ARM 微处理器可支持多达 16 个协处理器，用于各种协处理操作，在程序执行的过程中，每个协处理器只执行针对自身的协处理指令，忽略 ARM 处理器和其他协处理器的指令。ARM 的协处理器指令主要用于 ARM 处理器初始化 ARM 协处理器的数据处理操作，以及在ARM 处理器的寄存器和协处理器的寄存器之间传送数据，和在 ARM 协处理器的寄存器和存储器之间传送数据。 ARM 协处理器指令包括以下 5 条：

CDP 协处理器数操作指令

LDC 协处理器数据加载指令

STC 协处理器数据存储指令

MCR ARM 处理器寄存器到协处理器寄存器的数据传送指令

MRC 协处理器寄存器到ARM 处理器寄存器的数据传送指令

......

CP15系统控制协处理器

CP15 —系统控制协处理器 （the system control coprocessor）他通过协处理器指令MCR和MRC提供具体的寄存器来配置和控制caches、MMU、保护系统、配置时钟模式（在bootloader时钟初始化用到）

CP15的寄存器只能被MRC和MCR（Move to Coprocessor from ARM Register ）指令访问

一些要说明的内容，摘录见下：:

Co-processors

There are between zero and three possible co-processors.
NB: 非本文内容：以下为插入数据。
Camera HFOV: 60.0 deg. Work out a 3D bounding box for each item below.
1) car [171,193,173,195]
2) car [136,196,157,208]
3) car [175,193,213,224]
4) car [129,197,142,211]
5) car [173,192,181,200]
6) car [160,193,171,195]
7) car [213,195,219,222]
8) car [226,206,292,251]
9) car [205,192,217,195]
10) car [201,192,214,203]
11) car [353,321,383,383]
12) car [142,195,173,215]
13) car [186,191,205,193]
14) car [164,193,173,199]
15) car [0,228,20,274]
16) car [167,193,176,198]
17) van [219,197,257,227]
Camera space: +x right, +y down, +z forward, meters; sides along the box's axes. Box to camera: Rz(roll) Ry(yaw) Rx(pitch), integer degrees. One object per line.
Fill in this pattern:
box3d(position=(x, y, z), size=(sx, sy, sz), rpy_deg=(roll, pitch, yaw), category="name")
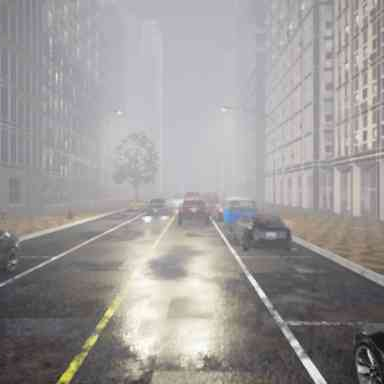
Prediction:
box3d(position=(-5.700, 1.059, 70.317), size=(1.947, 1.339, 4.313), rpy_deg=(0, 0, 0), category="car")
box3d(position=(-5.695, 1.260, 41.856), size=(2.008, 1.369, 4.403), rpy_deg=(0, 0, 0), category="car")
box3d(position=(0.099, 1.196, 23.379), size=(2.097, 1.767, 4.553), rpy_deg=(0, 1, -1), category="car")
box3d(position=(-5.694, 1.278, 35.992), size=(1.752, 1.417, 4.829), rpy_deg=(0, 0, 0), category="car")
box3d(position=(-3.013, 0.820, 72.026), size=(2.097, 1.767, 4.553), rpy_deg=(0, 0, 0), category="car")
box3d(position=(-5.698, 1.089, 64.624), size=(2.008, 1.369, 4.403), rpy_deg=(0, 0, 0), category="car")
box3d(position=(2.689, 1.273, 24.769), size=(1.967, 1.590, 4.097), rpy_deg=(0, 0, 0), category="car")
box3d(position=(2.691, 1.478, 13.385), size=(1.947, 1.339, 4.313), rpy_deg=(0, 0, 0), category="car")
box3d(position=(2.686, 0.983, 47.536), size=(2.192, 1.841, 5.009), rpy_deg=(0, 0, 0), category="car")
box3d(position=(2.684, 0.897, 58.920), size=(2.192, 1.841, 5.009), rpy_deg=(0, 0, 0), category="car")
box3d(position=(2.693, 1.552, 2.001), size=(1.947, 1.339, 4.313), rpy_deg=(0, 0, 0), category="car")
box3d(position=(-3.103, 1.296, 30.589), size=(1.837, 1.490, 4.892), rpy_deg=(0, 0, 0), category="car")
box3d(position=(0.096, 0.943, 40.305), size=(2.150, 2.045, 5.566), rpy_deg=(0, 1, 0), category="car")
box3d(position=(-5.701, 0.984, 81.700), size=(1.802, 1.307, 4.206), rpy_deg=(0, 0, 0), category="car")
box3d(position=(-5.689, 1.515, 7.700), size=(1.947, 1.339, 4.313), rpy_deg=(0, 0, 0), category="car")
box3d(position=(-5.704, 0.860, 93.085), size=(2.008, 1.369, 4.403), rpy_deg=(0, 0, 0), category="car")
box3d(position=(2.691, 1.214, 19.077), size=(1.690, 1.788, 3.998), rpy_deg=(0, 0, 0), category="van")
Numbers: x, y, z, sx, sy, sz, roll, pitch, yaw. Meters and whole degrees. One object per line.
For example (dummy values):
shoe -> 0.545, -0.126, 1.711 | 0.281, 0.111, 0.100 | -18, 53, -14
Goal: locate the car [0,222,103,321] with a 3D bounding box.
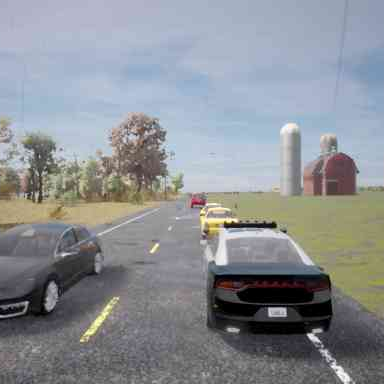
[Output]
car -> -3.440, 1.506, 7.547 | 1.837, 1.490, 4.892 | 0, 0, 1

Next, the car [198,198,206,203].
car -> 1.479, 1.455, 23.174 | 1.801, 1.575, 5.366 | 0, 0, 1

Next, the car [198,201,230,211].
car -> 1.376, 1.456, 17.174 | 1.801, 1.575, 5.366 | 0, 0, 1

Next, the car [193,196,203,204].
car -> 1.134, 1.483, 64.168 | 1.837, 1.490, 4.892 | 0, 0, 1

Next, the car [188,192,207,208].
car -> 0.906, 1.212, 47.273 | 2.150, 2.045, 5.566 | 0, 0, 0

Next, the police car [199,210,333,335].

Most desktop ARM systems do not have logic for external co-processors, so we may either use that which is built into the ARM itself, or an emulated co-processor.

CP15 is reserved on the ARM 3 and later processors for internal configuration, as described in this document.

CP0 and CP1 is used by the floating point system. It may either be an external floating point chip (as used with the ARM 3), hardware built into the processor (as in the ARM 7500FE), or a totally software-based emulation (as with the  FPEmulator  that we all know).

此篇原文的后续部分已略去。